[PROVIDED ENTRIES Boundary: Start]

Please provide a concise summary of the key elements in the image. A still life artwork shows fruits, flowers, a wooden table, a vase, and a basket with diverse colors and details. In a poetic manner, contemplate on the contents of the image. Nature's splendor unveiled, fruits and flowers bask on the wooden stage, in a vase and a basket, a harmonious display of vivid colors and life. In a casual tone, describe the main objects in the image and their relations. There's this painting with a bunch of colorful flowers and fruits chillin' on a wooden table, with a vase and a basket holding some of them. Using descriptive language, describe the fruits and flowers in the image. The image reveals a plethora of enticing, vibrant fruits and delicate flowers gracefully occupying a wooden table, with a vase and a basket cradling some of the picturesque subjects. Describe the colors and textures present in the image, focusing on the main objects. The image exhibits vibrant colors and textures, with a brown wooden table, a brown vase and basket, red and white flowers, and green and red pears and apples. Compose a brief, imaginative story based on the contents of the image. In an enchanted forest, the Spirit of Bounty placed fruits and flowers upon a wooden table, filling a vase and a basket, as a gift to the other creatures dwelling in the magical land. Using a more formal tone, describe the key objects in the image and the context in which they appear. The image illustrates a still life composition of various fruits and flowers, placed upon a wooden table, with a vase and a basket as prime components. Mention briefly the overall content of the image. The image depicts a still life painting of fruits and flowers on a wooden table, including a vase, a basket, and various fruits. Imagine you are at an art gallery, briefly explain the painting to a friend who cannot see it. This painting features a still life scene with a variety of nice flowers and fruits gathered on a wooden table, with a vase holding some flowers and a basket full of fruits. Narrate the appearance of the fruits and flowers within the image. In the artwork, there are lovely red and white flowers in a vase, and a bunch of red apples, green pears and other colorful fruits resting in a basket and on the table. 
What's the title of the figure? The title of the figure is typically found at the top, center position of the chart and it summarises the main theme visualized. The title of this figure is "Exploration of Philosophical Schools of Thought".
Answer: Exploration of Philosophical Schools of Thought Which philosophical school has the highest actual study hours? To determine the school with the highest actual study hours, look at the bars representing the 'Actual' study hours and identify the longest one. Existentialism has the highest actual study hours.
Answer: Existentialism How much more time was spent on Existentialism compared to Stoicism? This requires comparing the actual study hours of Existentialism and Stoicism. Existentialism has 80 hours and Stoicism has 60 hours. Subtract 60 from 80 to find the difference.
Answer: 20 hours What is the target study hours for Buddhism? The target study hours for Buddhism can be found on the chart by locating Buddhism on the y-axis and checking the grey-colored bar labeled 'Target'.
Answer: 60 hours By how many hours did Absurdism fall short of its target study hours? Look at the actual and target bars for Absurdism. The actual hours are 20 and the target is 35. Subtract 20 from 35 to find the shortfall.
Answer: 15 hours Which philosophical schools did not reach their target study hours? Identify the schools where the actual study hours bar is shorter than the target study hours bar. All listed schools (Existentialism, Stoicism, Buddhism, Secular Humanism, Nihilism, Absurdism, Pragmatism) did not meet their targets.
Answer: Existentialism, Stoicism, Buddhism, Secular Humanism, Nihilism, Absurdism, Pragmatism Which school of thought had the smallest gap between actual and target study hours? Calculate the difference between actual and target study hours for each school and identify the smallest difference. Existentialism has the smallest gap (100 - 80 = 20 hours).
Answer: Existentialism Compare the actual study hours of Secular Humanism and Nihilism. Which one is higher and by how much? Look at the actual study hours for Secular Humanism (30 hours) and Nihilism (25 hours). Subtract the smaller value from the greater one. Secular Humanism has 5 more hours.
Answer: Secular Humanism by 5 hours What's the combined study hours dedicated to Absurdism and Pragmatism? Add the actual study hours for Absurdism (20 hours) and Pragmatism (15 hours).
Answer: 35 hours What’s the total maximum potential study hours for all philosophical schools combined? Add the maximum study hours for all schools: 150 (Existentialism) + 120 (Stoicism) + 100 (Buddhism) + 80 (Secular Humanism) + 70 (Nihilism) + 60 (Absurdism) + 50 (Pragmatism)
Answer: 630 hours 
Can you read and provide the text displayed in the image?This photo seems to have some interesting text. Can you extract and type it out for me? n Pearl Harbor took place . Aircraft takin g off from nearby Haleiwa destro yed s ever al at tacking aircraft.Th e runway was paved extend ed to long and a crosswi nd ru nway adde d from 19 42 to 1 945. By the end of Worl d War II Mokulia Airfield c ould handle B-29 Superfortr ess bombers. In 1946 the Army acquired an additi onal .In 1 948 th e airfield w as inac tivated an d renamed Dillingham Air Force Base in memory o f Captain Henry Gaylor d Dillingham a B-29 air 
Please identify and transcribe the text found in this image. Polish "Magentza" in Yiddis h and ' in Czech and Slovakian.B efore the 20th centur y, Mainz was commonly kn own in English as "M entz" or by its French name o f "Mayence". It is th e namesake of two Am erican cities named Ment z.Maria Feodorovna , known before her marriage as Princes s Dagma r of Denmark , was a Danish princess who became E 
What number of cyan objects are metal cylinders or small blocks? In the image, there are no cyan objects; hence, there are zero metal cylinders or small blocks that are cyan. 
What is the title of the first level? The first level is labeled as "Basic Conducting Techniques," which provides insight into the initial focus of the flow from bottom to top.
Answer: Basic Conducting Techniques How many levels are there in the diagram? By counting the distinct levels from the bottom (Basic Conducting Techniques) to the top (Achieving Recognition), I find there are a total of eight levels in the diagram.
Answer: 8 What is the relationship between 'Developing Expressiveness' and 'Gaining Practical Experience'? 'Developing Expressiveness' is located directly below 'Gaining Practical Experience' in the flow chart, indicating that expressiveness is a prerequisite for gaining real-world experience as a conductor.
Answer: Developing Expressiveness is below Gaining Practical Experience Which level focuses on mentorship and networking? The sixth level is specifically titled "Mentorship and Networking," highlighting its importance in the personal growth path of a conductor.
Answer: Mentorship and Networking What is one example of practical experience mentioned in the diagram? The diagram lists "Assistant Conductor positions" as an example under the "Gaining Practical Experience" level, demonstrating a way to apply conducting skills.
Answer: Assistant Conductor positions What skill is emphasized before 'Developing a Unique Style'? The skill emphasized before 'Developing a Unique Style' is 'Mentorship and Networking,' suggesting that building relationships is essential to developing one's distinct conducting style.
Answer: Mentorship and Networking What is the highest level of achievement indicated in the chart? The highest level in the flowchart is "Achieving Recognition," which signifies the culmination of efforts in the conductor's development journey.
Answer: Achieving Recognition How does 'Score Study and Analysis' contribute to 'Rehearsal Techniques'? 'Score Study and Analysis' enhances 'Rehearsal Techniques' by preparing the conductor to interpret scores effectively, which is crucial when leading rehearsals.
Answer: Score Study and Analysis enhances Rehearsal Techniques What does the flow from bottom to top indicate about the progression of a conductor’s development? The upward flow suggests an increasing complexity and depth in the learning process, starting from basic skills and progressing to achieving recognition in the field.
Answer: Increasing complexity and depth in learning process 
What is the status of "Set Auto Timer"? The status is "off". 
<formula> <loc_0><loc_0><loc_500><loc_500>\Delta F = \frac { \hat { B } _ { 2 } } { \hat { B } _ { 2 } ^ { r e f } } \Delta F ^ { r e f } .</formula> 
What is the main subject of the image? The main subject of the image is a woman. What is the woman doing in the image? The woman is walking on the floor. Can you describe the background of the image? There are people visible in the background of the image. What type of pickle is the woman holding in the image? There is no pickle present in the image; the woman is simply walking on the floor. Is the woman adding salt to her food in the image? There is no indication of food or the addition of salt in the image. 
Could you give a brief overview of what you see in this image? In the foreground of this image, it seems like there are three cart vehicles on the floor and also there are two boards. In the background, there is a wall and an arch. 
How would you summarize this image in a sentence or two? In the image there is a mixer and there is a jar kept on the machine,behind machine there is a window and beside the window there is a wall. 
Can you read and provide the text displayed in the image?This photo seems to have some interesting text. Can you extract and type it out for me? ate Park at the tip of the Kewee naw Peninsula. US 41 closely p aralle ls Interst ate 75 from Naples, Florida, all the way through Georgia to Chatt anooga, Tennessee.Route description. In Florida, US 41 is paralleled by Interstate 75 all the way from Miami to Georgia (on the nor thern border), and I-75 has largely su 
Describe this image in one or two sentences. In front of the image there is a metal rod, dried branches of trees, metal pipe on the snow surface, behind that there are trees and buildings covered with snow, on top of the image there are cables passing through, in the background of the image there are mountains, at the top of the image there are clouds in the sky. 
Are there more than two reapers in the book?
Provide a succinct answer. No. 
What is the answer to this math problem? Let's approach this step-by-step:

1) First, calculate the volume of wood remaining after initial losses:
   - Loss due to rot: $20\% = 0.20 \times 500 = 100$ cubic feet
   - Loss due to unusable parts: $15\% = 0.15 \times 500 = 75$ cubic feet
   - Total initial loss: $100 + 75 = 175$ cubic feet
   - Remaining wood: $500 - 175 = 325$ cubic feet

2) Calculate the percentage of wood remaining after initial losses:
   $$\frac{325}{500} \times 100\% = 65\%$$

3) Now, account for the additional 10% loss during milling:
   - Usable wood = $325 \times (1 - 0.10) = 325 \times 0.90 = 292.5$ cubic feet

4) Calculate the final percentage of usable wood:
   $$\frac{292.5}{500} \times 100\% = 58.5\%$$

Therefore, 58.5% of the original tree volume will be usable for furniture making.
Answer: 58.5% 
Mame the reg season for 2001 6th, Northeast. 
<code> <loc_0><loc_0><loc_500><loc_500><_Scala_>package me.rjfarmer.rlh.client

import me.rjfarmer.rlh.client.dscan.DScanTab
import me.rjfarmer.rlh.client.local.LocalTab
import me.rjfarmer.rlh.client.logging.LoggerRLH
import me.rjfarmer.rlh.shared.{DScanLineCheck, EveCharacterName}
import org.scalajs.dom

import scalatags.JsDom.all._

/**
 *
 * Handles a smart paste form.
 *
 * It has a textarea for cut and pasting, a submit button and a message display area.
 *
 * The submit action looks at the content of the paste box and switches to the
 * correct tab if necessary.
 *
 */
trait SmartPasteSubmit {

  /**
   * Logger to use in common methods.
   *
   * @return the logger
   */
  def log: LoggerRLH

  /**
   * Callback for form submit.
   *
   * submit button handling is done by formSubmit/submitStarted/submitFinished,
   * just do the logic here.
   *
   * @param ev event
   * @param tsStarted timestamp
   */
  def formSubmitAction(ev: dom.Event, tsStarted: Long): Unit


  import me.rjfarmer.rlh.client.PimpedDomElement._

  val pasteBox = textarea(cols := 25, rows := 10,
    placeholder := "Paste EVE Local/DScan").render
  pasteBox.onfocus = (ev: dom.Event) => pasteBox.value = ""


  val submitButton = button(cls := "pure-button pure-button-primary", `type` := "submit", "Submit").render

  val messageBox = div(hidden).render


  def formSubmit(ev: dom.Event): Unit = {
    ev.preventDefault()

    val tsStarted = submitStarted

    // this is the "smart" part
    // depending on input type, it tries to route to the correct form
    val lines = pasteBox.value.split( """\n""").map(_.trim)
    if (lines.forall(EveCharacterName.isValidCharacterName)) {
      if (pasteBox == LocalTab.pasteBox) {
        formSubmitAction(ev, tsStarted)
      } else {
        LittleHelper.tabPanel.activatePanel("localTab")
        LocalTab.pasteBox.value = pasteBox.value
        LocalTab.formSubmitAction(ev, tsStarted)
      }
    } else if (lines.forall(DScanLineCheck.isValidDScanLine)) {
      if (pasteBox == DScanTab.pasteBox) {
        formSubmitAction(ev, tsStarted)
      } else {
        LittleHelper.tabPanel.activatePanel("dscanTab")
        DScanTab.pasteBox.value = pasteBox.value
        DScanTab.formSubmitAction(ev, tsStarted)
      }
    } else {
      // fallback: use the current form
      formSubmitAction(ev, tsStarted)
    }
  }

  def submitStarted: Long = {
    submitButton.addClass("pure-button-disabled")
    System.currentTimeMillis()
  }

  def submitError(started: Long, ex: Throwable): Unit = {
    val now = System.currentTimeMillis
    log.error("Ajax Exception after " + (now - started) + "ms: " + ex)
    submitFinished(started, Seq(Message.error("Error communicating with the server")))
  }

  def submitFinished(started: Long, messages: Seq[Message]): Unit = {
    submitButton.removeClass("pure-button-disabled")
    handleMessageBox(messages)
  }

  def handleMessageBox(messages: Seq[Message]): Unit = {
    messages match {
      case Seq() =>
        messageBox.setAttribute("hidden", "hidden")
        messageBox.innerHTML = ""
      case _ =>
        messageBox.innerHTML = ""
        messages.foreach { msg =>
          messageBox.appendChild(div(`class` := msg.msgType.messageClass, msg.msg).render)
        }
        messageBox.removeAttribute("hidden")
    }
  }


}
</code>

[PROVIDED ENTRIES Boundary: End]

Every line above carrying the word "param" needs to be shown.

• **TASK RESULT**:
   * @param ev event
   * @param tsStarted timestamp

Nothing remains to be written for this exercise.